🤖 AI Summary
This work proposes SSPFormer, a self-supervised representation learning method for medical imaging that addresses the challenges of adapting pretrained Transformers to the anatomical specificity of MRI, as well as the scarcity and privacy constraints of medical data. SSPFormer innovatively integrates inverse frequency-domain projection masking—which prioritizes reconstruction of high-frequency anatomical regions—with physiologically plausible frequency-weighted FFT noise augmentation. This enables structure-aware and artifact-robust feature learning directly from unlabeled raw MRI data. Built upon a Transformer architecture, SSPFormer achieves state-of-the-art performance across multiple tasks, including segmentation, super-resolution, and denoising, significantly enhancing MRI detail fidelity and demonstrating strong clinical applicability.
📝 Abstract
The pre-trained transformer demonstrates remarkable generalization ability in natural image processing.
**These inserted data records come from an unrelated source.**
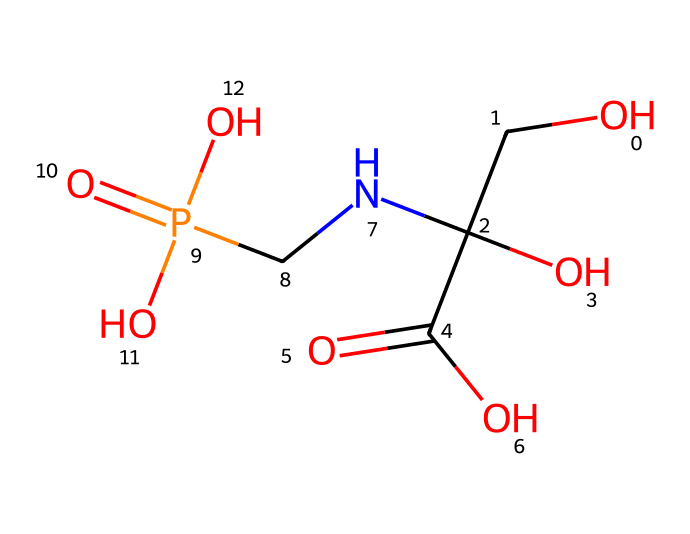What is the molecular formula of glyphosate? By analyzing the SMILES representation, we can identify the types and numbers of atoms involved in this molecule. The relevant groups in the structure indicate the presence of carbon (C), hydrogen (H), nitrogen (N), phosphorus (P), and oxygen (O). Counting these, we find that the molecular formula is C3H8N5O5P.
Answer: C3H8N5O5P How many nitrogen atoms are present in glyphosate? In the SMILES representation, we can see one nitrogen atom represented by 'N'. By counting the occurrences of nitrogen, we confirm that there is one nitrogen atom in the structure.
Answer: 1 What functional groups are present in glyphosate? By examining the structure, we can identify key functional groups such as a carboxylic acid (-COOH) and an amine (-NH). These groups are characteristic of the functional behavior in herbicides.
Answer: carboxylic acid and amine What role does glyphosate play in agriculture? Glyphosate is widely known as a non-selective herbicide used to kill weeds and grasses. Its mechanism involves inhibiting a specific enzyme pathway essential for plant growth, making it effective for managing unwanted vegetation.
Answer: herbicide How does glyphosate affect plant growth at the molecular level? Glyphosate inhibits the shikimic acid pathway, which is critical for synthesizing certain amino acids necessary for protein production in plants. This inhibition leads to the cessation of growth and eventual death of the targeted plants.
Answer: inhibits growth What is the significance of the phosphorus atom in glyphosate's structure? The presence of phosphorus in herbicides like glyphosate is crucial as it helps with the binding and interaction of the molecule with plant enzymes and contributes to the chemical's overall effectiveness in disrupting metabolic processes in plants.
Answer: important for activity 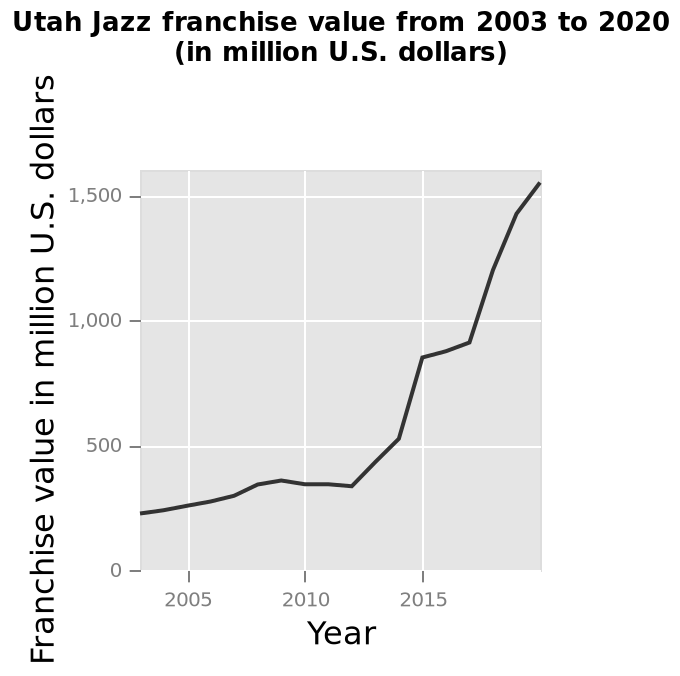<image>
please enumerates aspects of the construction of the chart Utah Jazz franchise value from 2003 to 2020 (in million U.S. dollars) is a line plot. A linear scale with a minimum of 2005 and a maximum of 2015 can be seen along the x-axis, labeled Year. The y-axis measures Franchise value in million U.S. dollars. What was the annual increase in the franchise value until 2012?  The franchise value had a gradual increase of approximately 40 dollars per year until 2012. 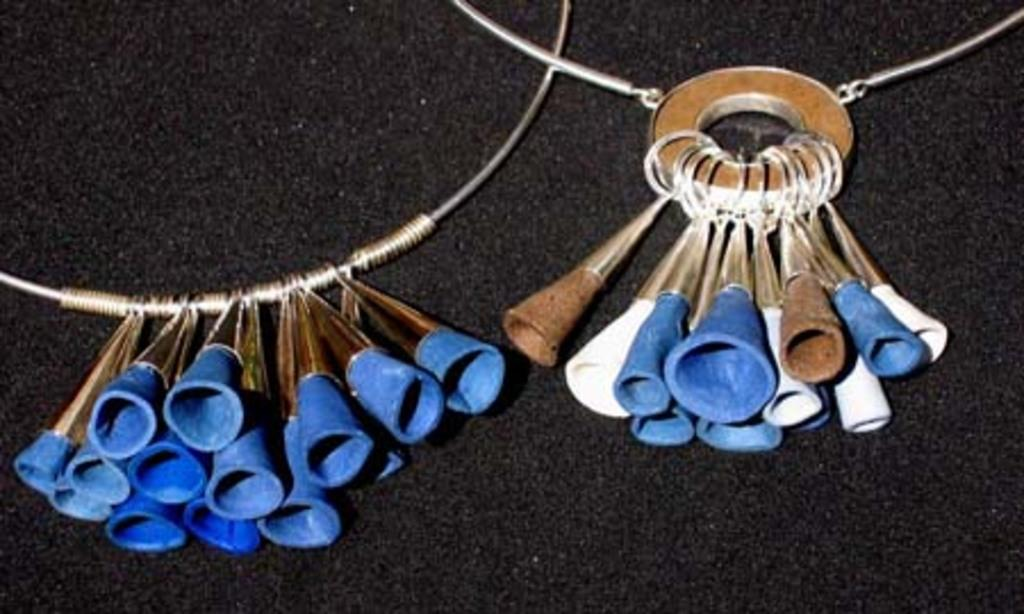What objects are present in the image? There are ornaments in the image. What is the color of the surface on which the ornaments are placed? The ornaments are on a black surface. What type of arch can be seen in the image? There is no arch present in the image; it only features ornaments on a black surface.

However, directly transferring it to magnetic resonance images faces two key challenges: the inability to adapt to the specificity of medical anatomical structures and the limitations brought about by the privacy and scarcity of medical data. To address these issues, this paper proposes a Self-Supervised Pretrained Transformer (SSPFormer) for MRI images, which effectively learns domain-specific feature representations of medical images by leveraging unlabeled raw imaging data. To tackle the domain gap and data scarcity, we introduce inverse frequency projection masking, which prioritizes the reconstruction of high-frequency anatomical regions to enforce structure-aware representation learning. Simultaneously, to enhance robustness against real-world MRI artifacts, we employ frequency-weighted FFT noise enhancement that injects physiologically realistic noise into the Fourier domain. Together, these strategies enable the model to learn domain-invariant and artifact-robust features directly from raw scans. Through extensive experiments on segmentation, super-resolution, and denoising tasks, the proposed SSPFormer achieves state-of-the-art performance, fully verifying its ability to capture fine-grained MRI image fidelity and adapt to clinical application requirements.